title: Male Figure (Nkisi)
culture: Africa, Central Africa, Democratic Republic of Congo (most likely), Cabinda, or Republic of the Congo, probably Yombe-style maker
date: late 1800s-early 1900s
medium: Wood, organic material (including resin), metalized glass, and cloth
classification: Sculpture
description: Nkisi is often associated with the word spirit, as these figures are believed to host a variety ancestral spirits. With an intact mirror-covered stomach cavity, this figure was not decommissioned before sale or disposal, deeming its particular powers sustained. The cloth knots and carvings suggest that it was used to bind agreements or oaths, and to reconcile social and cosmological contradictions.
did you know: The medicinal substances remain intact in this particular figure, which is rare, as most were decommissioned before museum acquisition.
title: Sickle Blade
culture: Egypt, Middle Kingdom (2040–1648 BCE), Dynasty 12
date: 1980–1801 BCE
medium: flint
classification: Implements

...

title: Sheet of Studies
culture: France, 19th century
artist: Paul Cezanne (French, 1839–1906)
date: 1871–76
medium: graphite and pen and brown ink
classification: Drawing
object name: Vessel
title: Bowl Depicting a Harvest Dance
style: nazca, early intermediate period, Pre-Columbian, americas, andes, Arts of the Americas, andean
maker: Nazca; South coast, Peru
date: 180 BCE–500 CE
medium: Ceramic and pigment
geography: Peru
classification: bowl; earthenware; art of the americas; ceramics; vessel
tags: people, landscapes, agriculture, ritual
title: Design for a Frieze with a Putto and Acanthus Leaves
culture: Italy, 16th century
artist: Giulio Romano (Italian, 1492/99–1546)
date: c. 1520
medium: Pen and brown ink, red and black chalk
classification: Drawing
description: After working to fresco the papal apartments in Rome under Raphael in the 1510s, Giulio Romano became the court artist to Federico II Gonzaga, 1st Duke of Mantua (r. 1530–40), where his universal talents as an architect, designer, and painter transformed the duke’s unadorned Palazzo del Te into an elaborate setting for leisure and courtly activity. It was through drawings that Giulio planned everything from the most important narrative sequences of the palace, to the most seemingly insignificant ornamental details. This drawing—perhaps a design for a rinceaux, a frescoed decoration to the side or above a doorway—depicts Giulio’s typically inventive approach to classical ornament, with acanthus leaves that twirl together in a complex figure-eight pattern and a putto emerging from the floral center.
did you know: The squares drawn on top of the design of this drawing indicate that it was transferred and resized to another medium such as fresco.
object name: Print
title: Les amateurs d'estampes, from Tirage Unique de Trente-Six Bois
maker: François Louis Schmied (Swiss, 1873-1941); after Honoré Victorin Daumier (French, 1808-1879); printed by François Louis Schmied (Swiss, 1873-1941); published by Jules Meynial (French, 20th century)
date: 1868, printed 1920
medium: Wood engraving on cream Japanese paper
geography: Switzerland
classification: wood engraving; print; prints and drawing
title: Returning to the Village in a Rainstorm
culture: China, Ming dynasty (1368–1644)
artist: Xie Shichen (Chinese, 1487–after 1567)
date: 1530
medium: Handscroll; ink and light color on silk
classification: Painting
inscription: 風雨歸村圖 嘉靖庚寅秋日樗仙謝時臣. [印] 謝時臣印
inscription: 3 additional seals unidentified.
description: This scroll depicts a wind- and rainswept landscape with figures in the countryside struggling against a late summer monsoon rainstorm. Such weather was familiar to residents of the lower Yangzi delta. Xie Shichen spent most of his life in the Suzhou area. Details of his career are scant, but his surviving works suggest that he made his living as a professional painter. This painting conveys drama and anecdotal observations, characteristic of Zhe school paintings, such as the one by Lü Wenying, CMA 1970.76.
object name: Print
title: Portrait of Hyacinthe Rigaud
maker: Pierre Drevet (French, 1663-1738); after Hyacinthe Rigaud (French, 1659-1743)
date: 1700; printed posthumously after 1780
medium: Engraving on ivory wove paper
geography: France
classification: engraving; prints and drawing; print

* * *

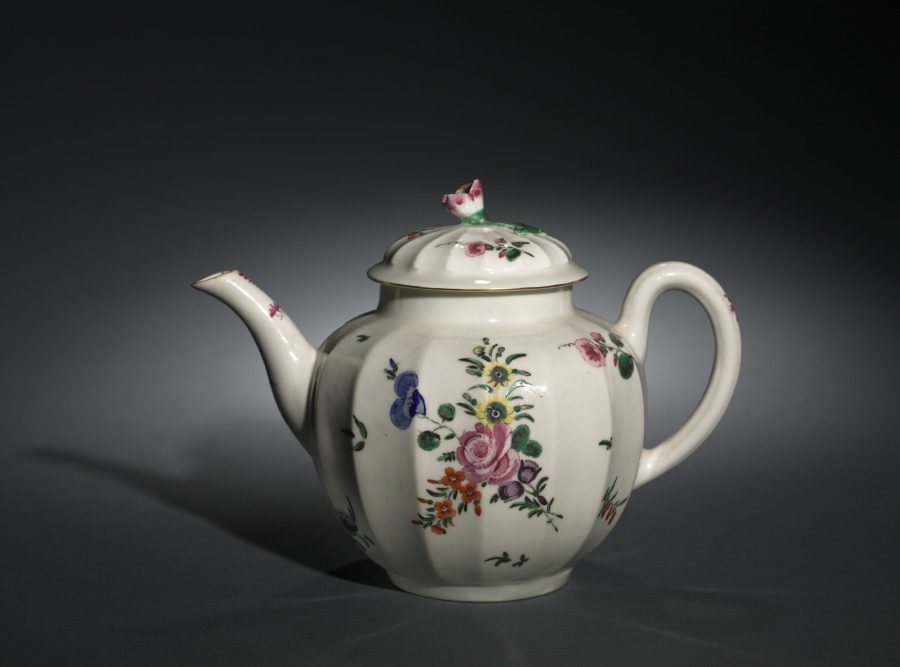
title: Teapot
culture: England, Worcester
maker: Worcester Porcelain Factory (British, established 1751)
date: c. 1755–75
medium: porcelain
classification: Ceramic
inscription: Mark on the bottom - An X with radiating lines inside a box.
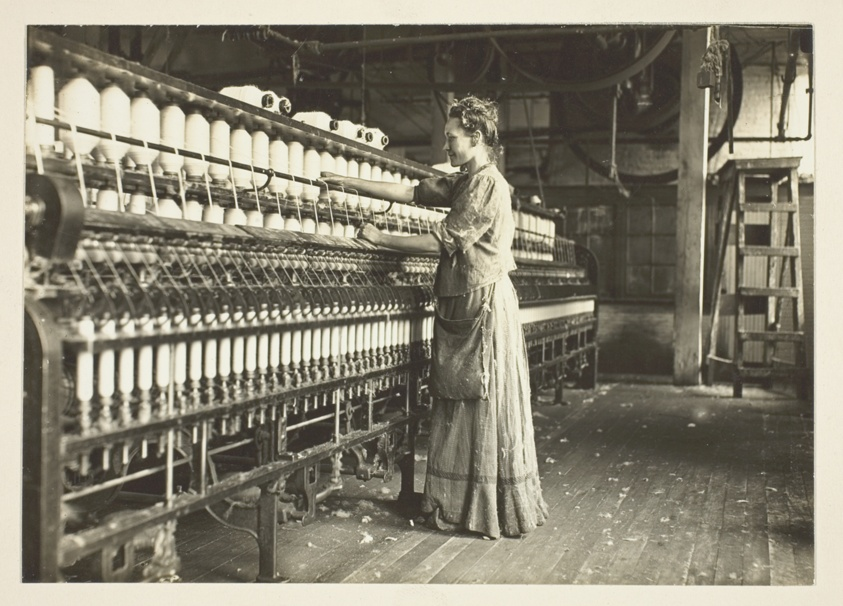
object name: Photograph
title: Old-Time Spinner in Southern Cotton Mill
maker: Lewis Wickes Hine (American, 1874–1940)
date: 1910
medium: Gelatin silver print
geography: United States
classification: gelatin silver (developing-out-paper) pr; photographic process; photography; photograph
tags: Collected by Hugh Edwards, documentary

* Problem details: Since only part of the listing is wanted, copy exactly the lines from the one holding "culture: Africa, Central" to the one holding "classification: Implements", both included.

* Answer:
culture: Africa, Central Africa, Democratic Republic of Congo (most likely), Cabinda, or Republic of the Congo, probably Yombe-style maker
date: late 1800s-early 1900s
medium: Wood, organic material (including resin), metalized glass, and cloth
classification: Sculpture
description: Nkisi is often associated with the word spirit, as these figures are believed to host a variety ancestral spirits. With an intact mirror-covered stomach cavity, this figure was not decommissioned before sale or disposal, deeming its particular powers sustained. The cloth knots and carvings suggest that it was used to bind agreements or oaths, and to reconcile social and cosmological contradictions.
did you know: The medicinal substances remain intact in this particular figure, which is rare, as most were decommissioned before museum acquisition.
title: Sickle Blade
culture: Egypt, Middle Kingdom (2040–1648 BCE), Dynasty 12
date: 1980–1801 BCE
medium: flint
classification: Implements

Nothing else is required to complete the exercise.